For polymer M, you will spot that there are NHCO (amide) links between each monomer. As such, that tells you one end of the molecule should be a carboxylic acid and the other should be a primary amine (hence the other end can’t be an acyl chloride, as acyl chlorides of acids with amine groups aren’t stable). To confuse you, they’ve gone and removed the carbonyl end of the monomer on the left and instead included the carbonyl from a third monomer in the amide link furthest to the right. This is a perfectly valid thing to do in order to show complete amide links, but imo it’s weird.

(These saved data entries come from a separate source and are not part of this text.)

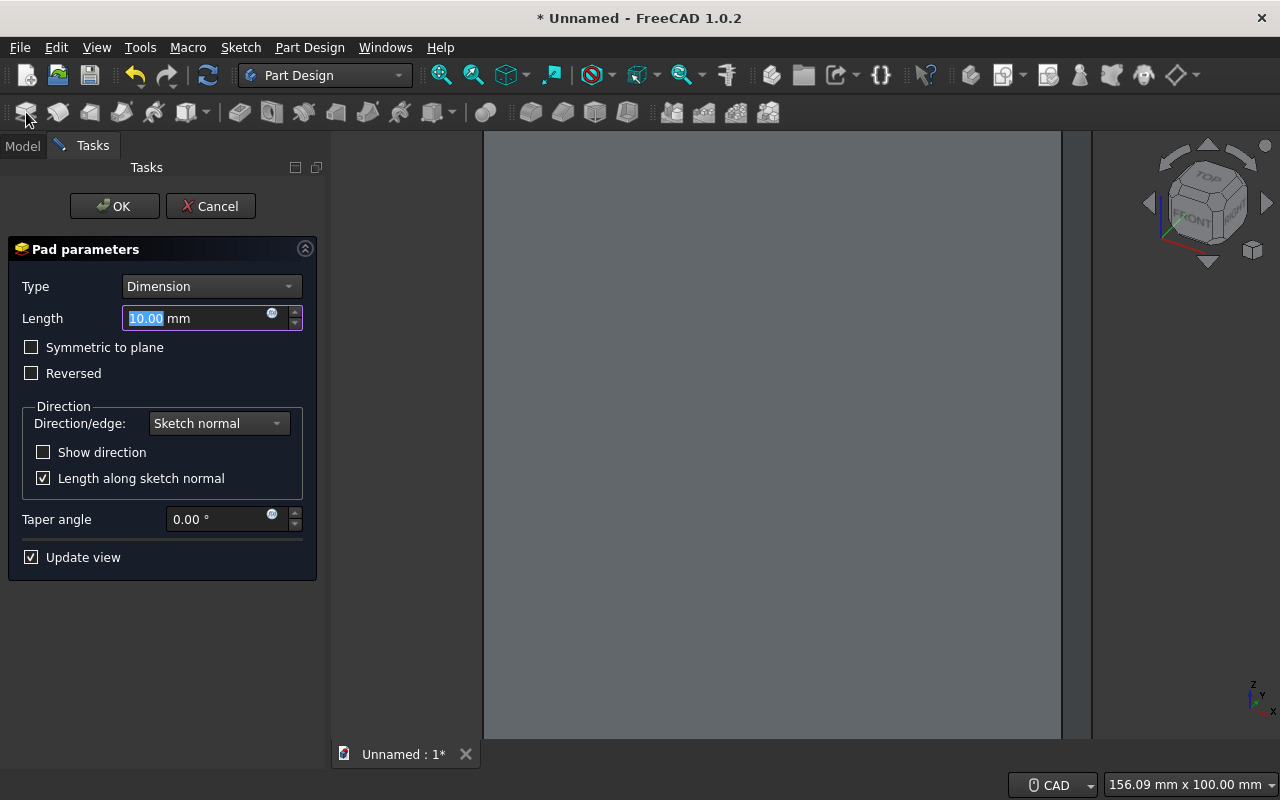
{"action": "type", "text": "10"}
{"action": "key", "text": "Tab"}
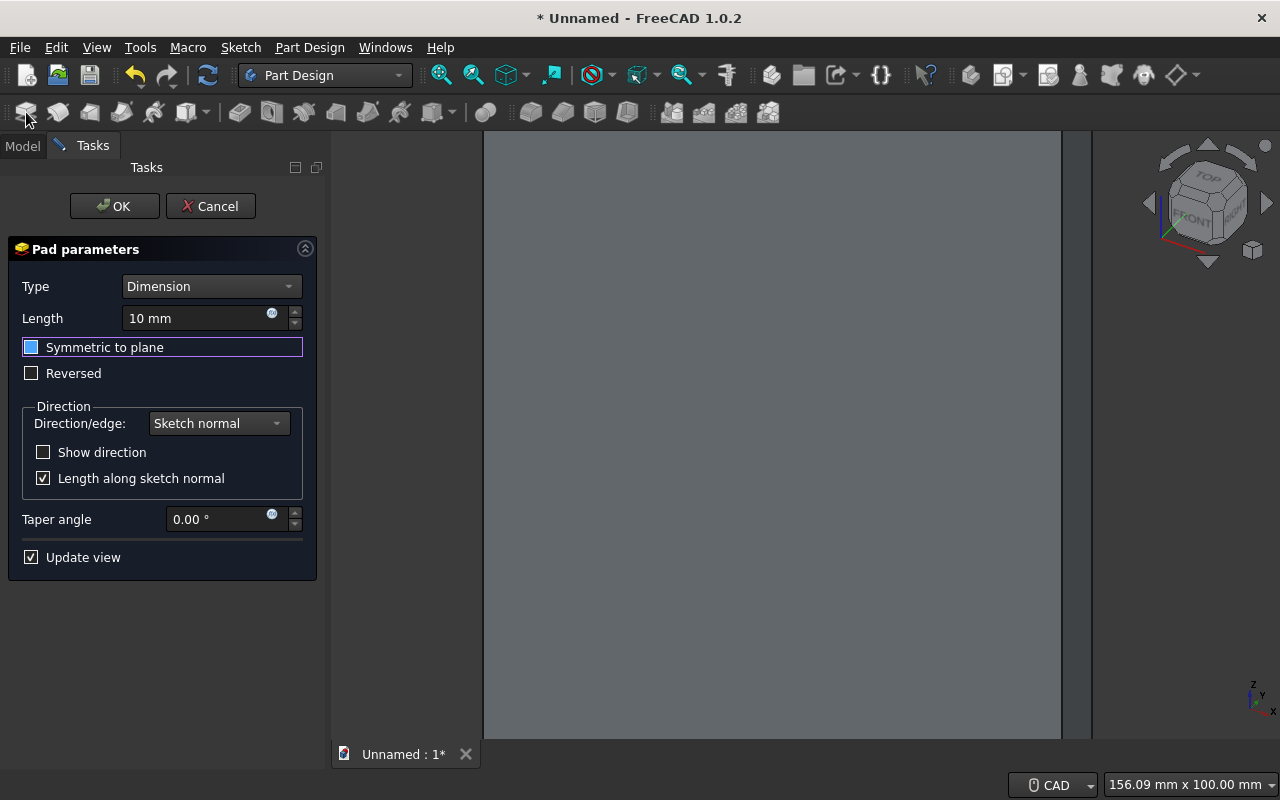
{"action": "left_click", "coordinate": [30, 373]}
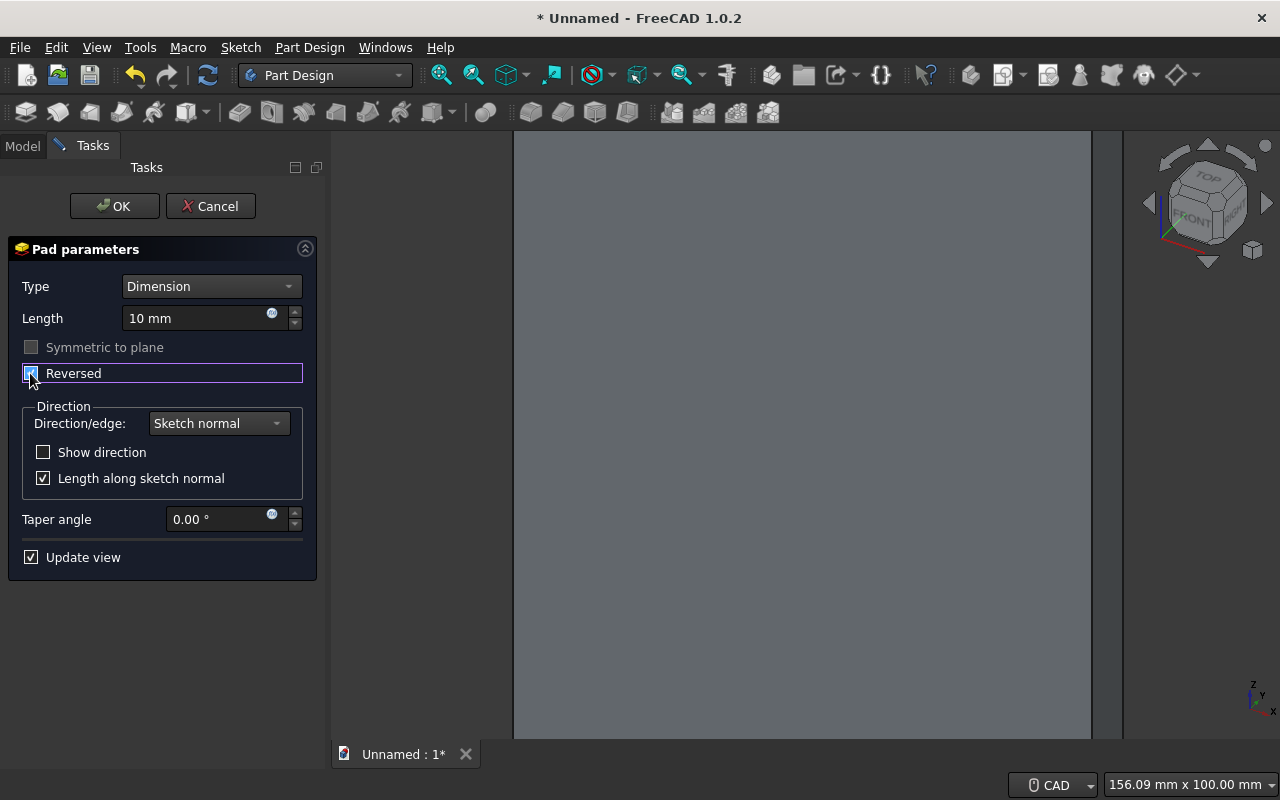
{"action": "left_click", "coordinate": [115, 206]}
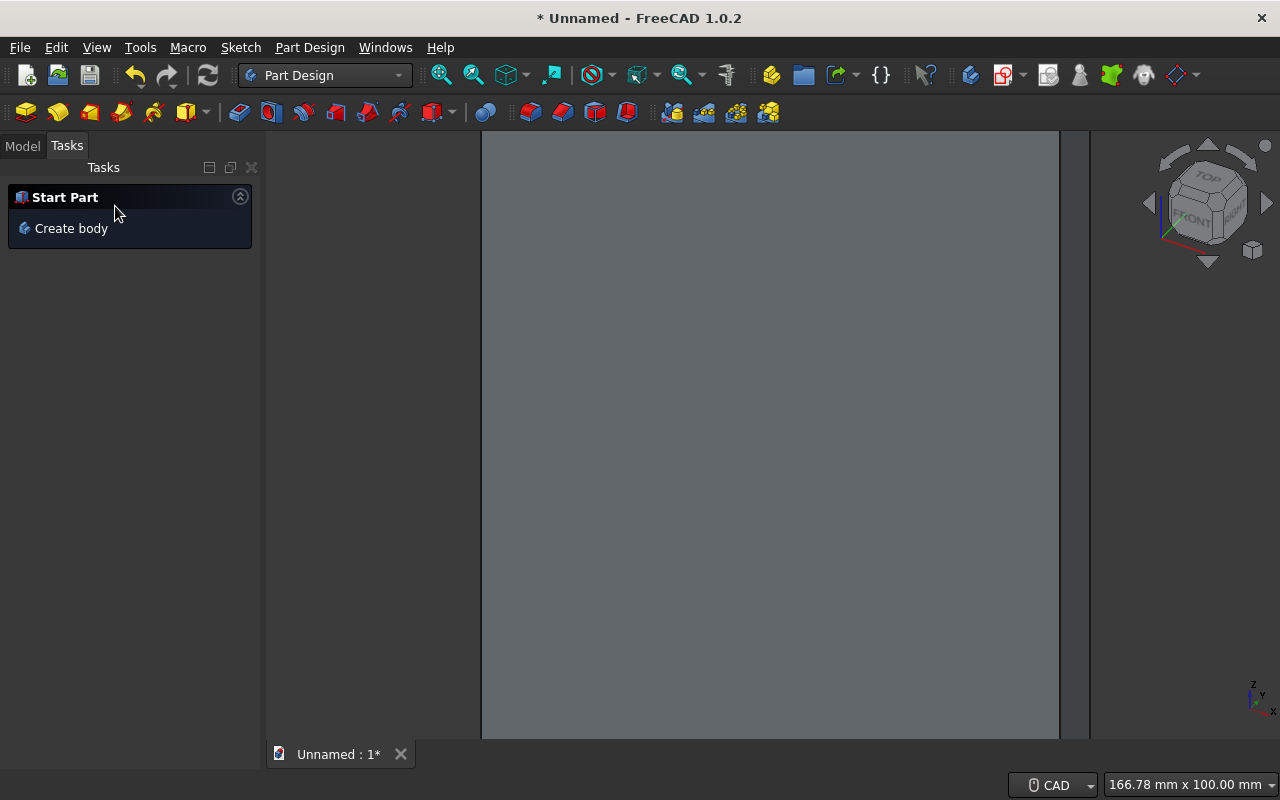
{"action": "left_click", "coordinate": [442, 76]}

The middle of the molecule must be the -CH2-CH(CH3)-CH2- as there is one of these in each full monomer shown. This leads to the conclusion that the monomer is NH2CH2CH(CH3)CH2COOH. Using naming comventions, we can deduce that this is 4-amino-3-methylbutanoic acid.
I'm super confused as to how the monomer actually has more than two carbons in the main chain, and how this was identified at all (stuck on polymer M)
you need to distinguish between addition and condensation polymers. M is an amide (condensation) so the monomer could be any length. Learn to split the polymer up i.e. add water back on to get the original amine and carboxylic acid. It's actually really easy if you make it easy. Addition polymers are different as you're right, it should be two carbons every repeat in the main chain.